Update 10/2 - Beamshot

Just a photo to show some incans in action. From left to right...
Surefire G2, G90 High Pressure, 2 x Unprotected 123, UCL

2D [email protected], CBP1650 x 6, ROP LOLA, Stock [email protected] lens + relfector, solder wicked spring

3D quad bored [email protected], 4 x 18650, ROP HOLA, LOP reflector, UCL, Contact cleaned switch

The shot, iirc is on 1/10 exposure, F2.8. Don't forget middle is SMO while right is LOP. I tried using some LED torches as well, but they weren't in the hunt (couldn't even see my EL tri star phazer's beam :laughing: ). Note that the modded G2 does VERY well considering size, i'd definitely recommend a G90 HP lamp and 2 r123s for a pocket rocket. Photo has been under-exposed to allow easier comparision of beams.

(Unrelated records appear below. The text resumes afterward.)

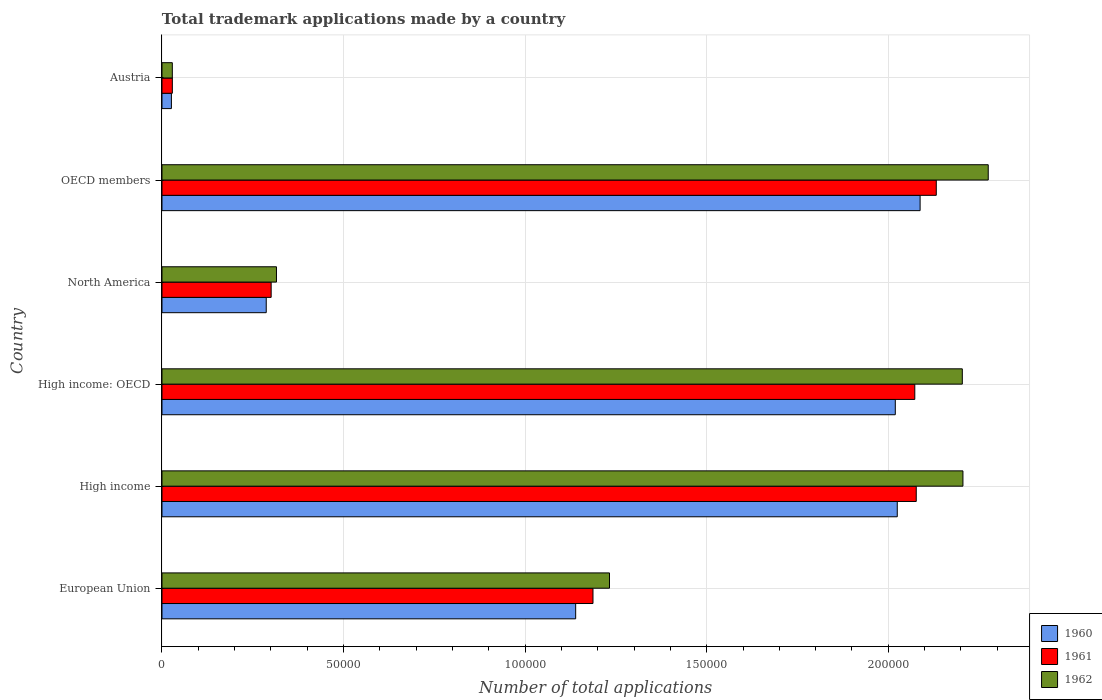How many different coloured bars are there?
Offer a terse response. 3. Are the number of bars on each tick of the Y-axis equal?
Ensure brevity in your answer.  Yes. How many bars are there on the 4th tick from the top?
Your answer should be compact. 3. How many bars are there on the 1st tick from the bottom?
Your answer should be compact. 3. In how many cases, is the number of bars for a given country not equal to the number of legend labels?
Keep it short and to the point. 0. What is the number of applications made by in 1961 in Austria?
Offer a terse response. 2852. Across all countries, what is the maximum number of applications made by in 1962?
Ensure brevity in your answer.  2.28e+05. Across all countries, what is the minimum number of applications made by in 1960?
Give a very brief answer. 2596. In which country was the number of applications made by in 1962 maximum?
Offer a very short reply. OECD members. In which country was the number of applications made by in 1961 minimum?
Provide a short and direct response. Austria. What is the total number of applications made by in 1961 in the graph?
Provide a succinct answer. 7.80e+05. What is the difference between the number of applications made by in 1962 in High income and that in OECD members?
Your response must be concise. -6969. What is the difference between the number of applications made by in 1961 in High income and the number of applications made by in 1960 in Austria?
Make the answer very short. 2.05e+05. What is the average number of applications made by in 1961 per country?
Offer a terse response. 1.30e+05. What is the difference between the number of applications made by in 1961 and number of applications made by in 1962 in High income: OECD?
Give a very brief answer. -1.31e+04. What is the ratio of the number of applications made by in 1960 in European Union to that in High income?
Offer a very short reply. 0.56. Is the number of applications made by in 1962 in Austria less than that in OECD members?
Your answer should be compact. Yes. What is the difference between the highest and the second highest number of applications made by in 1960?
Your response must be concise. 6293. What is the difference between the highest and the lowest number of applications made by in 1960?
Make the answer very short. 2.06e+05. In how many countries, is the number of applications made by in 1960 greater than the average number of applications made by in 1960 taken over all countries?
Offer a terse response. 3. What does the 3rd bar from the top in Austria represents?
Ensure brevity in your answer.  1960. What does the 1st bar from the bottom in High income represents?
Give a very brief answer. 1960. How many bars are there?
Your answer should be compact. 18. How many countries are there in the graph?
Offer a very short reply. 6. What is the difference between two consecutive major ticks on the X-axis?
Offer a very short reply. 5.00e+04. How many legend labels are there?
Your response must be concise. 3. How are the legend labels stacked?
Keep it short and to the point. Vertical. What is the title of the graph?
Keep it short and to the point. Total trademark applications made by a country. What is the label or title of the X-axis?
Your answer should be very brief. Number of total applications. What is the label or title of the Y-axis?
Keep it short and to the point. Country. What is the Number of total applications of 1960 in European Union?
Give a very brief answer. 1.14e+05. What is the Number of total applications of 1961 in European Union?
Make the answer very short. 1.19e+05. What is the Number of total applications of 1962 in European Union?
Provide a succinct answer. 1.23e+05. What is the Number of total applications in 1960 in High income?
Your answer should be compact. 2.02e+05. What is the Number of total applications in 1961 in High income?
Offer a very short reply. 2.08e+05. What is the Number of total applications of 1962 in High income?
Ensure brevity in your answer.  2.21e+05. What is the Number of total applications of 1960 in High income: OECD?
Offer a very short reply. 2.02e+05. What is the Number of total applications of 1961 in High income: OECD?
Your response must be concise. 2.07e+05. What is the Number of total applications of 1962 in High income: OECD?
Give a very brief answer. 2.20e+05. What is the Number of total applications of 1960 in North America?
Your answer should be compact. 2.87e+04. What is the Number of total applications in 1961 in North America?
Provide a succinct answer. 3.01e+04. What is the Number of total applications in 1962 in North America?
Make the answer very short. 3.15e+04. What is the Number of total applications of 1960 in OECD members?
Keep it short and to the point. 2.09e+05. What is the Number of total applications in 1961 in OECD members?
Give a very brief answer. 2.13e+05. What is the Number of total applications of 1962 in OECD members?
Your response must be concise. 2.28e+05. What is the Number of total applications in 1960 in Austria?
Provide a succinct answer. 2596. What is the Number of total applications of 1961 in Austria?
Provide a short and direct response. 2852. What is the Number of total applications of 1962 in Austria?
Make the answer very short. 2849. Across all countries, what is the maximum Number of total applications in 1960?
Make the answer very short. 2.09e+05. Across all countries, what is the maximum Number of total applications in 1961?
Keep it short and to the point. 2.13e+05. Across all countries, what is the maximum Number of total applications of 1962?
Provide a succinct answer. 2.28e+05. Across all countries, what is the minimum Number of total applications of 1960?
Provide a succinct answer. 2596. Across all countries, what is the minimum Number of total applications in 1961?
Give a very brief answer. 2852. Across all countries, what is the minimum Number of total applications in 1962?
Provide a succinct answer. 2849. What is the total Number of total applications of 1960 in the graph?
Your response must be concise. 7.58e+05. What is the total Number of total applications of 1961 in the graph?
Make the answer very short. 7.80e+05. What is the total Number of total applications of 1962 in the graph?
Offer a very short reply. 8.26e+05. What is the difference between the Number of total applications in 1960 in European Union and that in High income?
Your answer should be very brief. -8.86e+04. What is the difference between the Number of total applications in 1961 in European Union and that in High income?
Your answer should be very brief. -8.90e+04. What is the difference between the Number of total applications of 1962 in European Union and that in High income?
Provide a short and direct response. -9.73e+04. What is the difference between the Number of total applications of 1960 in European Union and that in High income: OECD?
Provide a succinct answer. -8.80e+04. What is the difference between the Number of total applications of 1961 in European Union and that in High income: OECD?
Provide a succinct answer. -8.86e+04. What is the difference between the Number of total applications of 1962 in European Union and that in High income: OECD?
Your answer should be compact. -9.72e+04. What is the difference between the Number of total applications of 1960 in European Union and that in North America?
Keep it short and to the point. 8.52e+04. What is the difference between the Number of total applications of 1961 in European Union and that in North America?
Offer a terse response. 8.86e+04. What is the difference between the Number of total applications of 1962 in European Union and that in North America?
Your answer should be compact. 9.17e+04. What is the difference between the Number of total applications of 1960 in European Union and that in OECD members?
Your answer should be compact. -9.49e+04. What is the difference between the Number of total applications of 1961 in European Union and that in OECD members?
Your answer should be compact. -9.45e+04. What is the difference between the Number of total applications of 1962 in European Union and that in OECD members?
Make the answer very short. -1.04e+05. What is the difference between the Number of total applications of 1960 in European Union and that in Austria?
Ensure brevity in your answer.  1.11e+05. What is the difference between the Number of total applications of 1961 in European Union and that in Austria?
Provide a short and direct response. 1.16e+05. What is the difference between the Number of total applications of 1962 in European Union and that in Austria?
Offer a very short reply. 1.20e+05. What is the difference between the Number of total applications of 1960 in High income and that in High income: OECD?
Ensure brevity in your answer.  540. What is the difference between the Number of total applications of 1961 in High income and that in High income: OECD?
Offer a terse response. 401. What is the difference between the Number of total applications in 1962 in High income and that in High income: OECD?
Provide a short and direct response. 170. What is the difference between the Number of total applications in 1960 in High income and that in North America?
Offer a very short reply. 1.74e+05. What is the difference between the Number of total applications in 1961 in High income and that in North America?
Provide a succinct answer. 1.78e+05. What is the difference between the Number of total applications of 1962 in High income and that in North America?
Make the answer very short. 1.89e+05. What is the difference between the Number of total applications of 1960 in High income and that in OECD members?
Give a very brief answer. -6293. What is the difference between the Number of total applications in 1961 in High income and that in OECD members?
Your answer should be compact. -5516. What is the difference between the Number of total applications in 1962 in High income and that in OECD members?
Give a very brief answer. -6969. What is the difference between the Number of total applications in 1960 in High income and that in Austria?
Provide a succinct answer. 2.00e+05. What is the difference between the Number of total applications of 1961 in High income and that in Austria?
Ensure brevity in your answer.  2.05e+05. What is the difference between the Number of total applications in 1962 in High income and that in Austria?
Keep it short and to the point. 2.18e+05. What is the difference between the Number of total applications in 1960 in High income: OECD and that in North America?
Your response must be concise. 1.73e+05. What is the difference between the Number of total applications in 1961 in High income: OECD and that in North America?
Make the answer very short. 1.77e+05. What is the difference between the Number of total applications of 1962 in High income: OECD and that in North America?
Your answer should be very brief. 1.89e+05. What is the difference between the Number of total applications in 1960 in High income: OECD and that in OECD members?
Make the answer very short. -6833. What is the difference between the Number of total applications of 1961 in High income: OECD and that in OECD members?
Your answer should be compact. -5917. What is the difference between the Number of total applications of 1962 in High income: OECD and that in OECD members?
Provide a short and direct response. -7139. What is the difference between the Number of total applications in 1960 in High income: OECD and that in Austria?
Your answer should be very brief. 1.99e+05. What is the difference between the Number of total applications of 1961 in High income: OECD and that in Austria?
Give a very brief answer. 2.04e+05. What is the difference between the Number of total applications of 1962 in High income: OECD and that in Austria?
Keep it short and to the point. 2.18e+05. What is the difference between the Number of total applications of 1960 in North America and that in OECD members?
Give a very brief answer. -1.80e+05. What is the difference between the Number of total applications in 1961 in North America and that in OECD members?
Keep it short and to the point. -1.83e+05. What is the difference between the Number of total applications in 1962 in North America and that in OECD members?
Your answer should be compact. -1.96e+05. What is the difference between the Number of total applications of 1960 in North America and that in Austria?
Give a very brief answer. 2.61e+04. What is the difference between the Number of total applications in 1961 in North America and that in Austria?
Keep it short and to the point. 2.72e+04. What is the difference between the Number of total applications in 1962 in North America and that in Austria?
Your response must be concise. 2.87e+04. What is the difference between the Number of total applications of 1960 in OECD members and that in Austria?
Ensure brevity in your answer.  2.06e+05. What is the difference between the Number of total applications of 1961 in OECD members and that in Austria?
Make the answer very short. 2.10e+05. What is the difference between the Number of total applications in 1962 in OECD members and that in Austria?
Offer a very short reply. 2.25e+05. What is the difference between the Number of total applications in 1960 in European Union and the Number of total applications in 1961 in High income?
Provide a succinct answer. -9.38e+04. What is the difference between the Number of total applications in 1960 in European Union and the Number of total applications in 1962 in High income?
Offer a terse response. -1.07e+05. What is the difference between the Number of total applications of 1961 in European Union and the Number of total applications of 1962 in High income?
Give a very brief answer. -1.02e+05. What is the difference between the Number of total applications of 1960 in European Union and the Number of total applications of 1961 in High income: OECD?
Ensure brevity in your answer.  -9.34e+04. What is the difference between the Number of total applications in 1960 in European Union and the Number of total applications in 1962 in High income: OECD?
Provide a succinct answer. -1.06e+05. What is the difference between the Number of total applications of 1961 in European Union and the Number of total applications of 1962 in High income: OECD?
Give a very brief answer. -1.02e+05. What is the difference between the Number of total applications in 1960 in European Union and the Number of total applications in 1961 in North America?
Offer a very short reply. 8.39e+04. What is the difference between the Number of total applications in 1960 in European Union and the Number of total applications in 1962 in North America?
Make the answer very short. 8.24e+04. What is the difference between the Number of total applications of 1961 in European Union and the Number of total applications of 1962 in North America?
Keep it short and to the point. 8.72e+04. What is the difference between the Number of total applications of 1960 in European Union and the Number of total applications of 1961 in OECD members?
Your answer should be very brief. -9.93e+04. What is the difference between the Number of total applications in 1960 in European Union and the Number of total applications in 1962 in OECD members?
Your response must be concise. -1.14e+05. What is the difference between the Number of total applications in 1961 in European Union and the Number of total applications in 1962 in OECD members?
Make the answer very short. -1.09e+05. What is the difference between the Number of total applications in 1960 in European Union and the Number of total applications in 1961 in Austria?
Provide a succinct answer. 1.11e+05. What is the difference between the Number of total applications in 1960 in European Union and the Number of total applications in 1962 in Austria?
Offer a very short reply. 1.11e+05. What is the difference between the Number of total applications of 1961 in European Union and the Number of total applications of 1962 in Austria?
Provide a succinct answer. 1.16e+05. What is the difference between the Number of total applications of 1960 in High income and the Number of total applications of 1961 in High income: OECD?
Offer a very short reply. -4828. What is the difference between the Number of total applications of 1960 in High income and the Number of total applications of 1962 in High income: OECD?
Your answer should be very brief. -1.79e+04. What is the difference between the Number of total applications of 1961 in High income and the Number of total applications of 1962 in High income: OECD?
Provide a short and direct response. -1.27e+04. What is the difference between the Number of total applications of 1960 in High income and the Number of total applications of 1961 in North America?
Keep it short and to the point. 1.72e+05. What is the difference between the Number of total applications of 1960 in High income and the Number of total applications of 1962 in North America?
Your answer should be compact. 1.71e+05. What is the difference between the Number of total applications in 1961 in High income and the Number of total applications in 1962 in North America?
Offer a terse response. 1.76e+05. What is the difference between the Number of total applications in 1960 in High income and the Number of total applications in 1961 in OECD members?
Provide a short and direct response. -1.07e+04. What is the difference between the Number of total applications of 1960 in High income and the Number of total applications of 1962 in OECD members?
Provide a short and direct response. -2.51e+04. What is the difference between the Number of total applications in 1961 in High income and the Number of total applications in 1962 in OECD members?
Give a very brief answer. -1.98e+04. What is the difference between the Number of total applications in 1960 in High income and the Number of total applications in 1961 in Austria?
Offer a very short reply. 2.00e+05. What is the difference between the Number of total applications of 1960 in High income and the Number of total applications of 1962 in Austria?
Offer a terse response. 2.00e+05. What is the difference between the Number of total applications of 1961 in High income and the Number of total applications of 1962 in Austria?
Make the answer very short. 2.05e+05. What is the difference between the Number of total applications of 1960 in High income: OECD and the Number of total applications of 1961 in North America?
Offer a terse response. 1.72e+05. What is the difference between the Number of total applications in 1960 in High income: OECD and the Number of total applications in 1962 in North America?
Make the answer very short. 1.70e+05. What is the difference between the Number of total applications in 1961 in High income: OECD and the Number of total applications in 1962 in North America?
Your answer should be compact. 1.76e+05. What is the difference between the Number of total applications of 1960 in High income: OECD and the Number of total applications of 1961 in OECD members?
Provide a short and direct response. -1.13e+04. What is the difference between the Number of total applications of 1960 in High income: OECD and the Number of total applications of 1962 in OECD members?
Provide a short and direct response. -2.56e+04. What is the difference between the Number of total applications of 1961 in High income: OECD and the Number of total applications of 1962 in OECD members?
Ensure brevity in your answer.  -2.02e+04. What is the difference between the Number of total applications of 1960 in High income: OECD and the Number of total applications of 1961 in Austria?
Make the answer very short. 1.99e+05. What is the difference between the Number of total applications of 1960 in High income: OECD and the Number of total applications of 1962 in Austria?
Provide a short and direct response. 1.99e+05. What is the difference between the Number of total applications of 1961 in High income: OECD and the Number of total applications of 1962 in Austria?
Offer a terse response. 2.04e+05. What is the difference between the Number of total applications of 1960 in North America and the Number of total applications of 1961 in OECD members?
Your answer should be compact. -1.85e+05. What is the difference between the Number of total applications of 1960 in North America and the Number of total applications of 1962 in OECD members?
Provide a succinct answer. -1.99e+05. What is the difference between the Number of total applications of 1961 in North America and the Number of total applications of 1962 in OECD members?
Offer a very short reply. -1.97e+05. What is the difference between the Number of total applications in 1960 in North America and the Number of total applications in 1961 in Austria?
Offer a terse response. 2.59e+04. What is the difference between the Number of total applications of 1960 in North America and the Number of total applications of 1962 in Austria?
Your response must be concise. 2.59e+04. What is the difference between the Number of total applications in 1961 in North America and the Number of total applications in 1962 in Austria?
Offer a very short reply. 2.72e+04. What is the difference between the Number of total applications in 1960 in OECD members and the Number of total applications in 1961 in Austria?
Offer a terse response. 2.06e+05. What is the difference between the Number of total applications of 1960 in OECD members and the Number of total applications of 1962 in Austria?
Provide a short and direct response. 2.06e+05. What is the difference between the Number of total applications in 1961 in OECD members and the Number of total applications in 1962 in Austria?
Give a very brief answer. 2.10e+05. What is the average Number of total applications in 1960 per country?
Give a very brief answer. 1.26e+05. What is the average Number of total applications of 1961 per country?
Keep it short and to the point. 1.30e+05. What is the average Number of total applications in 1962 per country?
Make the answer very short. 1.38e+05. What is the difference between the Number of total applications of 1960 and Number of total applications of 1961 in European Union?
Your answer should be very brief. -4767. What is the difference between the Number of total applications of 1960 and Number of total applications of 1962 in European Union?
Provide a short and direct response. -9317. What is the difference between the Number of total applications in 1961 and Number of total applications in 1962 in European Union?
Offer a terse response. -4550. What is the difference between the Number of total applications in 1960 and Number of total applications in 1961 in High income?
Keep it short and to the point. -5229. What is the difference between the Number of total applications of 1960 and Number of total applications of 1962 in High income?
Ensure brevity in your answer.  -1.81e+04. What is the difference between the Number of total applications of 1961 and Number of total applications of 1962 in High income?
Provide a short and direct response. -1.29e+04. What is the difference between the Number of total applications of 1960 and Number of total applications of 1961 in High income: OECD?
Provide a short and direct response. -5368. What is the difference between the Number of total applications of 1960 and Number of total applications of 1962 in High income: OECD?
Give a very brief answer. -1.85e+04. What is the difference between the Number of total applications in 1961 and Number of total applications in 1962 in High income: OECD?
Your answer should be compact. -1.31e+04. What is the difference between the Number of total applications of 1960 and Number of total applications of 1961 in North America?
Keep it short and to the point. -1355. What is the difference between the Number of total applications of 1960 and Number of total applications of 1962 in North America?
Provide a short and direct response. -2817. What is the difference between the Number of total applications in 1961 and Number of total applications in 1962 in North America?
Ensure brevity in your answer.  -1462. What is the difference between the Number of total applications in 1960 and Number of total applications in 1961 in OECD members?
Your answer should be very brief. -4452. What is the difference between the Number of total applications in 1960 and Number of total applications in 1962 in OECD members?
Offer a terse response. -1.88e+04. What is the difference between the Number of total applications in 1961 and Number of total applications in 1962 in OECD members?
Offer a very short reply. -1.43e+04. What is the difference between the Number of total applications in 1960 and Number of total applications in 1961 in Austria?
Give a very brief answer. -256. What is the difference between the Number of total applications of 1960 and Number of total applications of 1962 in Austria?
Give a very brief answer. -253. What is the ratio of the Number of total applications of 1960 in European Union to that in High income?
Provide a succinct answer. 0.56. What is the ratio of the Number of total applications of 1961 in European Union to that in High income?
Ensure brevity in your answer.  0.57. What is the ratio of the Number of total applications in 1962 in European Union to that in High income?
Provide a succinct answer. 0.56. What is the ratio of the Number of total applications in 1960 in European Union to that in High income: OECD?
Offer a terse response. 0.56. What is the ratio of the Number of total applications of 1961 in European Union to that in High income: OECD?
Offer a terse response. 0.57. What is the ratio of the Number of total applications of 1962 in European Union to that in High income: OECD?
Keep it short and to the point. 0.56. What is the ratio of the Number of total applications in 1960 in European Union to that in North America?
Offer a terse response. 3.97. What is the ratio of the Number of total applications in 1961 in European Union to that in North America?
Your answer should be compact. 3.95. What is the ratio of the Number of total applications in 1962 in European Union to that in North America?
Offer a very short reply. 3.91. What is the ratio of the Number of total applications in 1960 in European Union to that in OECD members?
Provide a short and direct response. 0.55. What is the ratio of the Number of total applications of 1961 in European Union to that in OECD members?
Provide a succinct answer. 0.56. What is the ratio of the Number of total applications in 1962 in European Union to that in OECD members?
Your response must be concise. 0.54. What is the ratio of the Number of total applications in 1960 in European Union to that in Austria?
Keep it short and to the point. 43.88. What is the ratio of the Number of total applications in 1961 in European Union to that in Austria?
Keep it short and to the point. 41.61. What is the ratio of the Number of total applications in 1962 in European Union to that in Austria?
Give a very brief answer. 43.26. What is the ratio of the Number of total applications of 1960 in High income to that in High income: OECD?
Make the answer very short. 1. What is the ratio of the Number of total applications in 1961 in High income to that in High income: OECD?
Offer a very short reply. 1. What is the ratio of the Number of total applications in 1962 in High income to that in High income: OECD?
Your answer should be very brief. 1. What is the ratio of the Number of total applications in 1960 in High income to that in North America?
Ensure brevity in your answer.  7.05. What is the ratio of the Number of total applications in 1961 in High income to that in North America?
Provide a succinct answer. 6.91. What is the ratio of the Number of total applications in 1962 in High income to that in North America?
Give a very brief answer. 7. What is the ratio of the Number of total applications in 1960 in High income to that in OECD members?
Provide a short and direct response. 0.97. What is the ratio of the Number of total applications in 1961 in High income to that in OECD members?
Give a very brief answer. 0.97. What is the ratio of the Number of total applications of 1962 in High income to that in OECD members?
Ensure brevity in your answer.  0.97. What is the ratio of the Number of total applications in 1960 in High income to that in Austria?
Keep it short and to the point. 78. What is the ratio of the Number of total applications of 1961 in High income to that in Austria?
Your response must be concise. 72.83. What is the ratio of the Number of total applications of 1962 in High income to that in Austria?
Offer a terse response. 77.42. What is the ratio of the Number of total applications of 1960 in High income: OECD to that in North America?
Your answer should be very brief. 7.03. What is the ratio of the Number of total applications in 1961 in High income: OECD to that in North America?
Keep it short and to the point. 6.9. What is the ratio of the Number of total applications of 1962 in High income: OECD to that in North America?
Provide a short and direct response. 6.99. What is the ratio of the Number of total applications of 1960 in High income: OECD to that in OECD members?
Provide a short and direct response. 0.97. What is the ratio of the Number of total applications in 1961 in High income: OECD to that in OECD members?
Your response must be concise. 0.97. What is the ratio of the Number of total applications of 1962 in High income: OECD to that in OECD members?
Provide a succinct answer. 0.97. What is the ratio of the Number of total applications in 1960 in High income: OECD to that in Austria?
Offer a very short reply. 77.79. What is the ratio of the Number of total applications of 1961 in High income: OECD to that in Austria?
Ensure brevity in your answer.  72.69. What is the ratio of the Number of total applications in 1962 in High income: OECD to that in Austria?
Keep it short and to the point. 77.36. What is the ratio of the Number of total applications of 1960 in North America to that in OECD members?
Your response must be concise. 0.14. What is the ratio of the Number of total applications of 1961 in North America to that in OECD members?
Make the answer very short. 0.14. What is the ratio of the Number of total applications of 1962 in North America to that in OECD members?
Offer a very short reply. 0.14. What is the ratio of the Number of total applications of 1960 in North America to that in Austria?
Give a very brief answer. 11.06. What is the ratio of the Number of total applications in 1961 in North America to that in Austria?
Your response must be concise. 10.54. What is the ratio of the Number of total applications of 1962 in North America to that in Austria?
Offer a very short reply. 11.07. What is the ratio of the Number of total applications in 1960 in OECD members to that in Austria?
Provide a succinct answer. 80.42. What is the ratio of the Number of total applications in 1961 in OECD members to that in Austria?
Make the answer very short. 74.76. What is the ratio of the Number of total applications in 1962 in OECD members to that in Austria?
Ensure brevity in your answer.  79.86. What is the difference between the highest and the second highest Number of total applications of 1960?
Give a very brief answer. 6293. What is the difference between the highest and the second highest Number of total applications in 1961?
Your answer should be very brief. 5516. What is the difference between the highest and the second highest Number of total applications of 1962?
Your answer should be compact. 6969. What is the difference between the highest and the lowest Number of total applications of 1960?
Ensure brevity in your answer.  2.06e+05. What is the difference between the highest and the lowest Number of total applications in 1961?
Your answer should be very brief. 2.10e+05. What is the difference between the highest and the lowest Number of total applications in 1962?
Offer a terse response. 2.25e+05.

The 3D is alot lighter than the 2D as well, and for some reason, my eyes are telling me the lithium powered one is brighter than my old CBP powered one (the old one also had a soldered solderwick spring mod on the switch). Quick and dirty calculations give me over an hour of runtime with HOLA, all in a light package that can be cutdown to slightly over 2D size, and maybe even brighter than 6 CBP version. I've revised the batt circuit, has alot less connections now (less parts, less weight, less resistance).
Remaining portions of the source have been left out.